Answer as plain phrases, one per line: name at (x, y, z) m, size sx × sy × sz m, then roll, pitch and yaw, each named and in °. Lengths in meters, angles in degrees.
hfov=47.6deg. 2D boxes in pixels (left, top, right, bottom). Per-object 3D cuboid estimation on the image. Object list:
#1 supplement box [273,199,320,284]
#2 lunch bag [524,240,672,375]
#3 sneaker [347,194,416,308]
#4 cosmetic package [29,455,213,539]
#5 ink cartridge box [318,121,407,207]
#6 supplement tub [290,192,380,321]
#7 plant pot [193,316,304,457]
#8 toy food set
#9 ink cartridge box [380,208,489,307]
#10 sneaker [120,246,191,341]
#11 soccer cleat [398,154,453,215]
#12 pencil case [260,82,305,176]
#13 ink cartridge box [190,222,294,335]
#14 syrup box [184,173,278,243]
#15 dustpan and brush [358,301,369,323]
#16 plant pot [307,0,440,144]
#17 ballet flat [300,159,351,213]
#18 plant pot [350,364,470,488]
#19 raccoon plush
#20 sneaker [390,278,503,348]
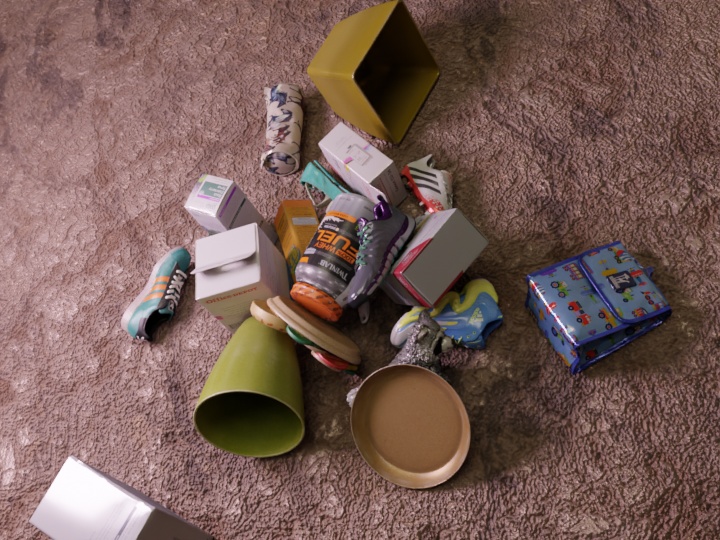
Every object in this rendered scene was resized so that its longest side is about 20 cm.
supplement box at (-0.104, -0.041, 1.542) m, size 0.068 × 0.067 × 0.202 m, roll -3°, pitch 51°, yaw -29°
lunch bag at (0.388, 0.048, 1.313) m, size 0.197 × 0.095 × 0.152 m, roll -24°, pitch 54°, yaw -8°
sneaker at (0.012, -0.031, 1.338) m, size 0.087 × 0.074 × 0.201 m, roll 38°, pitch 56°, yaw -10°
cosmetic package at (-0.382, 0.419, 1.317) m, size 0.198 × 0.200 × 0.124 m, roll 21°, pitch 70°, yaw 30°
ink cartridge box at (0.018, -0.183, 1.558) m, size 0.067 × 0.117 × 0.200 m, roll -43°, pitch 57°, yaw -7°
supplement tub at (-0.034, -0.022, 1.417) m, size 0.121 × 0.123 × 0.202 m, roll 18°, pitch 70°, yaw 29°
plant pot at (-0.177, 0.183, 1.404) m, size 0.184 × 0.189 × 0.202 m, roll -11°, pitch 43°, yaw 15°
toy food set at (-0.082, 0.109, 1.384) m, size 0.197 × 0.200 × 0.049 m, roll 35°, pitch 92°, yaw 27°
ink cartridge box at (0.108, -0.019, 1.378) m, size 0.083 × 0.200 × 0.146 m, roll 43°, pitch 79°, yaw -11°
sneaker at (-0.385, 0.051, 1.614) m, size 0.079 × 0.071 × 0.202 m, roll 26°, pitch 79°, yaw 26°
soccer cleat at (0.145, -0.139, 1.515) m, size 0.084 × 0.069 × 0.201 m, roll -32°, pitch 52°, yaw 1°
pencil case at (-0.165, -0.297, 1.716) m, size 0.088 × 0.078 × 0.203 m, roll 2°, pitch 61°, yaw -2°
ink cartridge box at (-0.210, 0.017, 1.481) m, size 0.127 × 0.201 × 0.127 m, roll -16°, pitch 57°, yaw 11°
syrup box at (-0.242, -0.092, 1.556) m, size 0.078 × 0.201 × 0.082 m, roll 15°, pitch 67°, yaw 28°
dustpan and brush at (0.000, 0.000, 1.506) m, size 0.138 × 0.057 × 0.203 m, roll -16°, pitch 50°, yaw 24°
plant pot at (0.013, -0.403, 1.650) m, size 0.175 × 0.200 × 0.202 m, roll 15°, pitch 67°, yaw 39°
ballet flat at (-0.052, -0.141, 1.599) m, size 0.071 × 0.067 × 0.200 m, roll -52°, pitch 53°, yaw 6°
plant pot at (0.080, 0.243, 1.287) m, size 0.197 × 0.027 × 0.204 m, roll 4°, pitch 101°, yaw 20°
raccoon plush at (0.059, 0.150, 1.318) m, size 0.197 × 0.136 × 0.097 m, roll -19°, pitch 24°, yaw -1°
sneaker at (0.151, 0.096, 1.372) m, size 0.198 × 0.076 × 0.106 m, roll -30°, pitch 56°, yaw 1°
■ ■ ■ ■ ■ ■ ■
EXERCISE GOAL: Using the material above, transcribe exactly the lines from the line with "#14 syrup box [184,173,278,243]" to the line with "#20 sneaker [390,278,503,348]"; both count, and nothing else goes in.

TASK SOLUTION:
#14 syrup box [184,173,278,243]
#15 dustpan and brush [358,301,369,323]
#16 plant pot [307,0,440,144]
#17 ballet flat [300,159,351,213]
#18 plant pot [350,364,470,488]
#19 raccoon plush
#20 sneaker [390,278,503,348]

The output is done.